Work order.
Could you repeat all of the entries word for word, minus any pictures?

Supplied data.
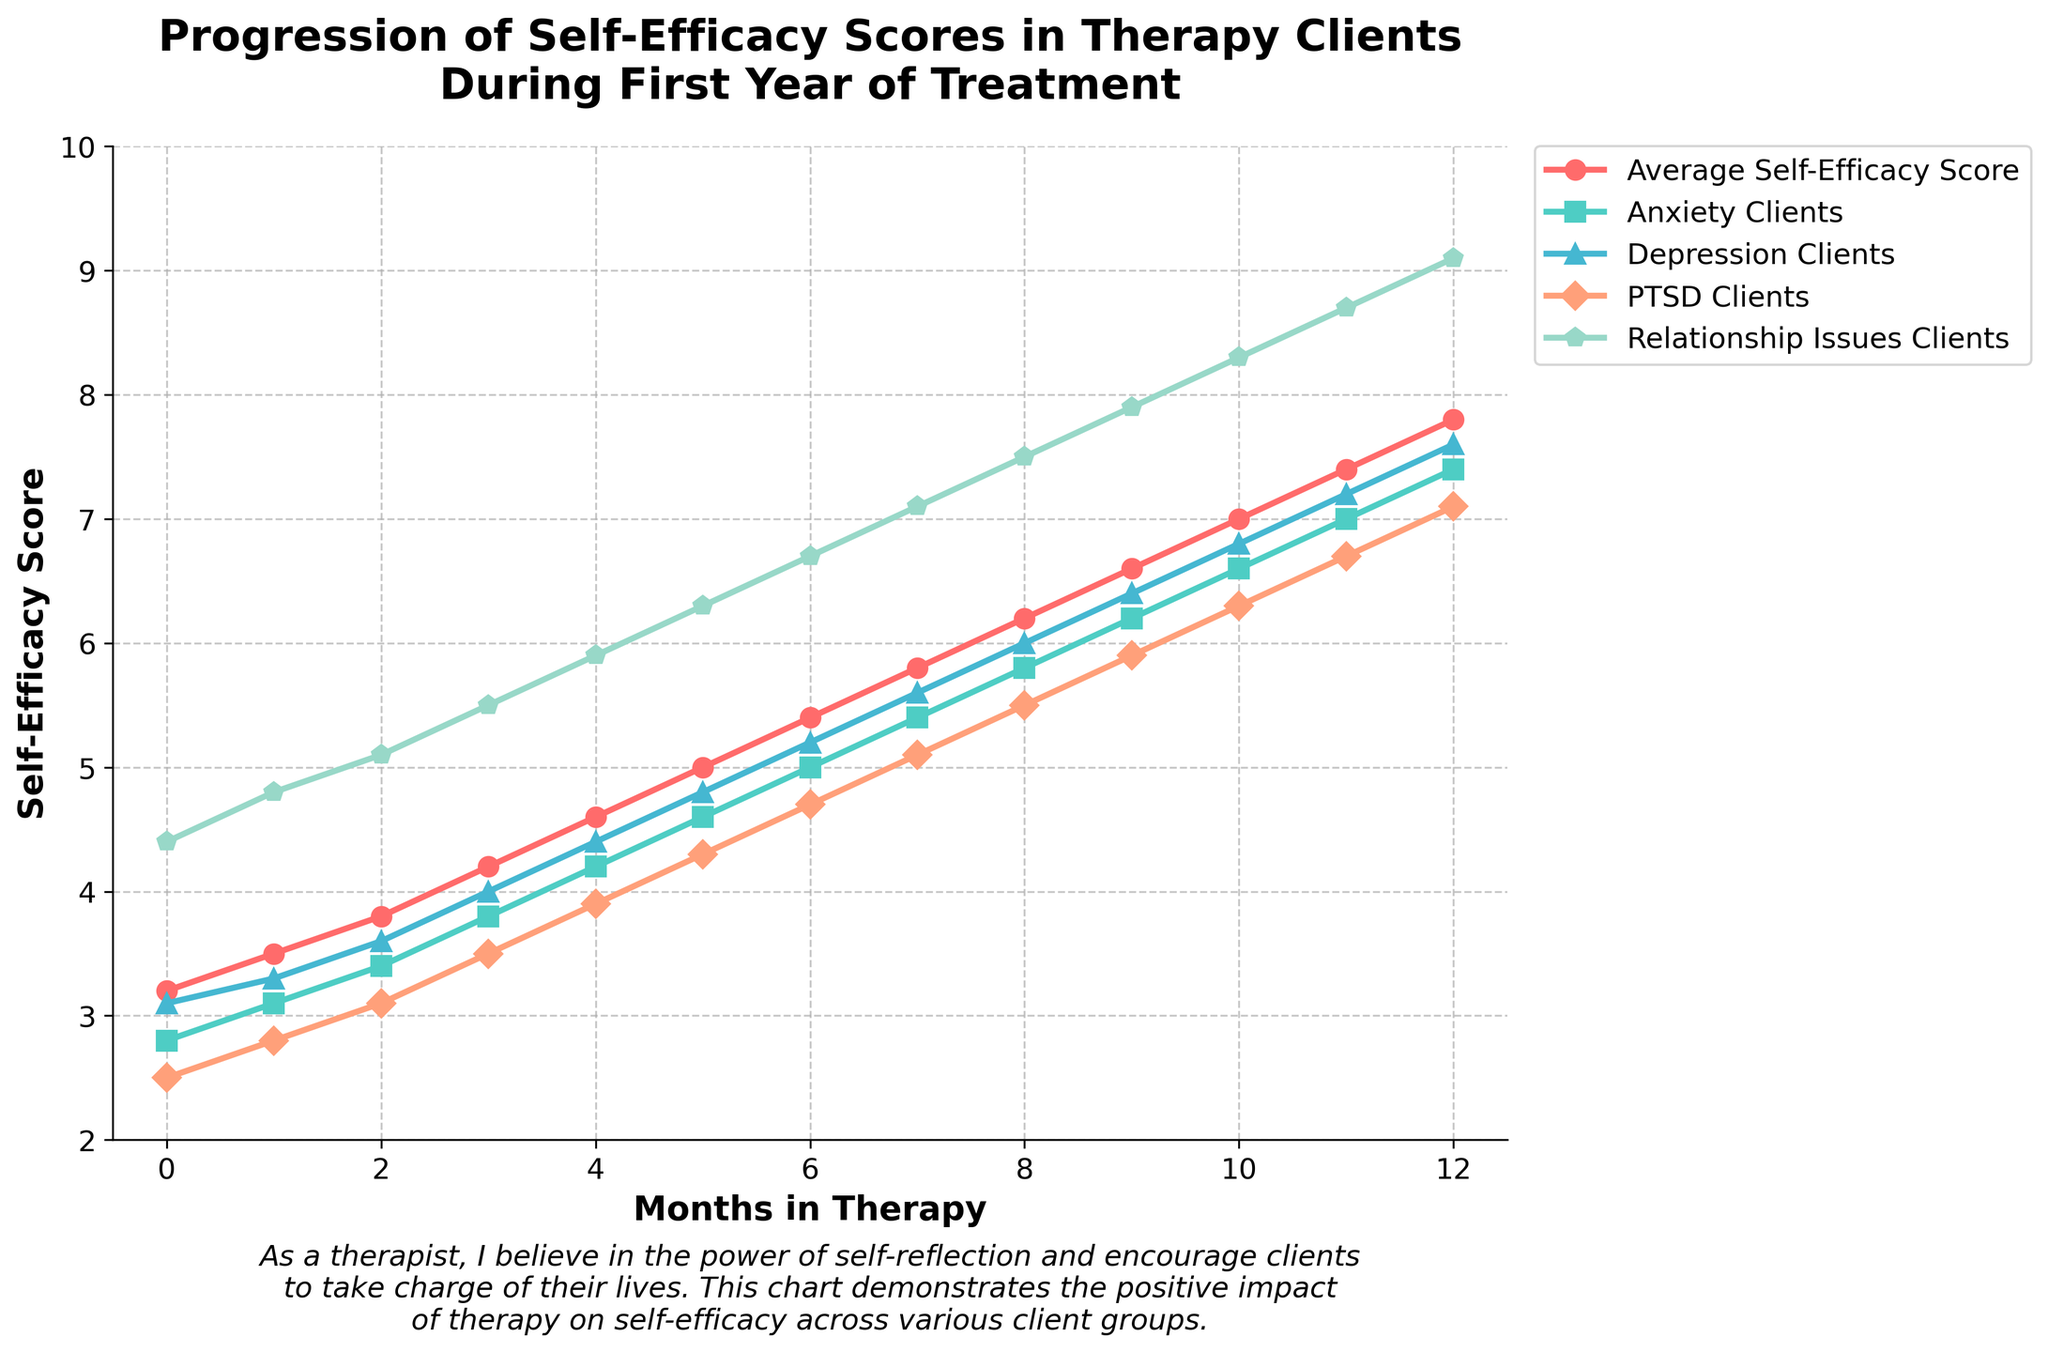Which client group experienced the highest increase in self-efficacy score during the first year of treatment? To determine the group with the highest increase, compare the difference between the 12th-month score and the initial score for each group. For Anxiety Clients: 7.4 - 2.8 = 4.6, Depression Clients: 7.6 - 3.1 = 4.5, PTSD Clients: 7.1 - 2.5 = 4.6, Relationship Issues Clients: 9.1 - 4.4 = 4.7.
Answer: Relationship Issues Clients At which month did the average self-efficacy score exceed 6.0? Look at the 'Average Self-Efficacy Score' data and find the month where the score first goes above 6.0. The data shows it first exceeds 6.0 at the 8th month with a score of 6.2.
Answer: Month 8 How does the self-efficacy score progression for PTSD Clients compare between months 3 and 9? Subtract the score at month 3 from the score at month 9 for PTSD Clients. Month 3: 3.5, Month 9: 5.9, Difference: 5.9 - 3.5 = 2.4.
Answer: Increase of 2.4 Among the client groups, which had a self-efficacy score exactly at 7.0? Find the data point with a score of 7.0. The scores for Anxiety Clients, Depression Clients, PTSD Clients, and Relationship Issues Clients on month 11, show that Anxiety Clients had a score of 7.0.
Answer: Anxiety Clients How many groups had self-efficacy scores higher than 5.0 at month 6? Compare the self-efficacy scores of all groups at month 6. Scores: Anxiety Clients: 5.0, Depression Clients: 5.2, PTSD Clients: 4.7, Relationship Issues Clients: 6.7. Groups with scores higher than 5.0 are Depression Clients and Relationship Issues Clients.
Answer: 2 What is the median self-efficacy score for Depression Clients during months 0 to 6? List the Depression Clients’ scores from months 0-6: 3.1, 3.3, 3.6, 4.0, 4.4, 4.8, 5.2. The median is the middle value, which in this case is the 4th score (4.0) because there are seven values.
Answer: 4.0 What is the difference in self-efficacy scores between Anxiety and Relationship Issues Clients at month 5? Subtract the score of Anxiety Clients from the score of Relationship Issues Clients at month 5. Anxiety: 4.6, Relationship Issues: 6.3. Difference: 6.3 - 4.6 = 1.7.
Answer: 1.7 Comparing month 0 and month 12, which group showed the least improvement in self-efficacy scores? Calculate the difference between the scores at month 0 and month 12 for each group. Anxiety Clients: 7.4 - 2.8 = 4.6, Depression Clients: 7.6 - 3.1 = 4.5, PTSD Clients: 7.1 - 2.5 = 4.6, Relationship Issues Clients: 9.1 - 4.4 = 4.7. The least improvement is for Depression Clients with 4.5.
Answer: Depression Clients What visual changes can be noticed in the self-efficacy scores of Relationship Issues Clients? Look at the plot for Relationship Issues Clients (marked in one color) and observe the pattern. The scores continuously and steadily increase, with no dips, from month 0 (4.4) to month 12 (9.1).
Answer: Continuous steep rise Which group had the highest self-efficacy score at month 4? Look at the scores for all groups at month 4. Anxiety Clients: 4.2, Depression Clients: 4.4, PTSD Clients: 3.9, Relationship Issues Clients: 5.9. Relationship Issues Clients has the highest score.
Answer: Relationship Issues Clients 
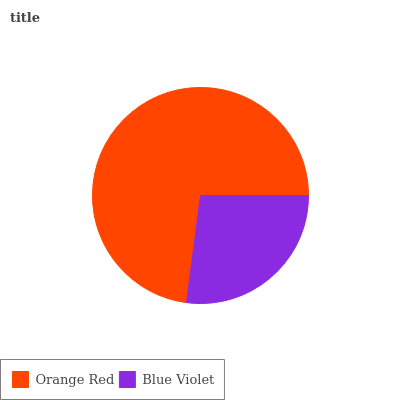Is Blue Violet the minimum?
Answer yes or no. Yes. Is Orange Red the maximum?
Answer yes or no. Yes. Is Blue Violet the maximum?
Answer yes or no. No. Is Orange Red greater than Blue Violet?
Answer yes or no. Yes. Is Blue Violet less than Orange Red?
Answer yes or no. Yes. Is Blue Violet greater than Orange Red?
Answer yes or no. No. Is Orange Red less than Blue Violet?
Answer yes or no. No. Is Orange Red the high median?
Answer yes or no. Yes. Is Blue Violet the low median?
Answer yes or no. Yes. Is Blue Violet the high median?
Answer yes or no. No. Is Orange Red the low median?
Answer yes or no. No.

Result of this exercise.
Which client group experienced the highest increase in self-efficacy score during the first year of treatment? To determine the group with the highest increase, compare the difference between the 12th-month score and the initial score for each group. For Anxiety Clients: 7.4 - 2.8 = 4.6, Depression Clients: 7.6 - 3.1 = 4.5, PTSD Clients: 7.1 - 2.5 = 4.6, Relationship Issues Clients: 9.1 - 4.4 = 4.7.
Answer: Relationship Issues Clients At which month did the average self-efficacy score exceed 6.0? Look at the 'Average Self-Efficacy Score' data and find the month where the score first goes above 6.0. The data shows it first exceeds 6.0 at the 8th month with a score of 6.2.
Answer: Month 8 How does the self-efficacy score progression for PTSD Clients compare between months 3 and 9? Subtract the score at month 3 from the score at month 9 for PTSD Clients. Month 3: 3.5, Month 9: 5.9, Difference: 5.9 - 3.5 = 2.4.
Answer: Increase of 2.4 Among the client groups, which had a self-efficacy score exactly at 7.0? Find the data point with a score of 7.0. The scores for Anxiety Clients, Depression Clients, PTSD Clients, and Relationship Issues Clients on month 11, show that Anxiety Clients had a score of 7.0.
Answer: Anxiety Clients How many groups had self-efficacy scores higher than 5.0 at month 6? Compare the self-efficacy scores of all groups at month 6. Scores: Anxiety Clients: 5.0, Depression Clients: 5.2, PTSD Clients: 4.7, Relationship Issues Clients: 6.7. Groups with scores higher than 5.0 are Depression Clients and Relationship Issues Clients.
Answer: 2 What is the median self-efficacy score for Depression Clients during months 0 to 6? List the Depression Clients’ scores from months 0-6: 3.1, 3.3, 3.6, 4.0, 4.4, 4.8, 5.2. The median is the middle value, which in this case is the 4th score (4.0) because there are seven values.
Answer: 4.0 What is the difference in self-efficacy scores between Anxiety and Relationship Issues Clients at month 5? Subtract the score of Anxiety Clients from the score of Relationship Issues Clients at month 5. Anxiety: 4.6, Relationship Issues: 6.3. Difference: 6.3 - 4.6 = 1.7.
Answer: 1.7 Comparing month 0 and month 12, which group showed the least improvement in self-efficacy scores? Calculate the difference between the scores at month 0 and month 12 for each group. Anxiety Clients: 7.4 - 2.8 = 4.6, Depression Clients: 7.6 - 3.1 = 4.5, PTSD Clients: 7.1 - 2.5 = 4.6, Relationship Issues Clients: 9.1 - 4.4 = 4.7. The least improvement is for Depression Clients with 4.5.
Answer: Depression Clients What visual changes can be noticed in the self-efficacy scores of Relationship Issues Clients? Look at the plot for Relationship Issues Clients (marked in one color) and observe the pattern. The scores continuously and steadily increase, with no dips, from month 0 (4.4) to month 12 (9.1).
Answer: Continuous steep rise Which group had the highest self-efficacy score at month 4? Look at the scores for all groups at month 4. Anxiety Clients: 4.2, Depression Clients: 4.4, PTSD Clients: 3.9, Relationship Issues Clients: 5.9. Relationship Issues Clients has the highest score.
Answer: Relationship Issues Clients 
Is Blue Violet the minimum?
Answer yes or no. Yes. Is Orange Red the maximum?
Answer yes or no. Yes. Is Blue Violet the maximum?
Answer yes or no. No. Is Orange Red greater than Blue Violet?
Answer yes or no. Yes. Is Blue Violet less than Orange Red?
Answer yes or no. Yes. Is Blue Violet greater than Orange Red?
Answer yes or no. No. Is Orange Red less than Blue Violet?
Answer yes or no. No. Is Orange Red the high median?
Answer yes or no. Yes. Is Blue Violet the low median?
Answer yes or no. Yes. Is Blue Violet the high median?
Answer yes or no. No. Is Orange Red the low median?
Answer yes or no. No.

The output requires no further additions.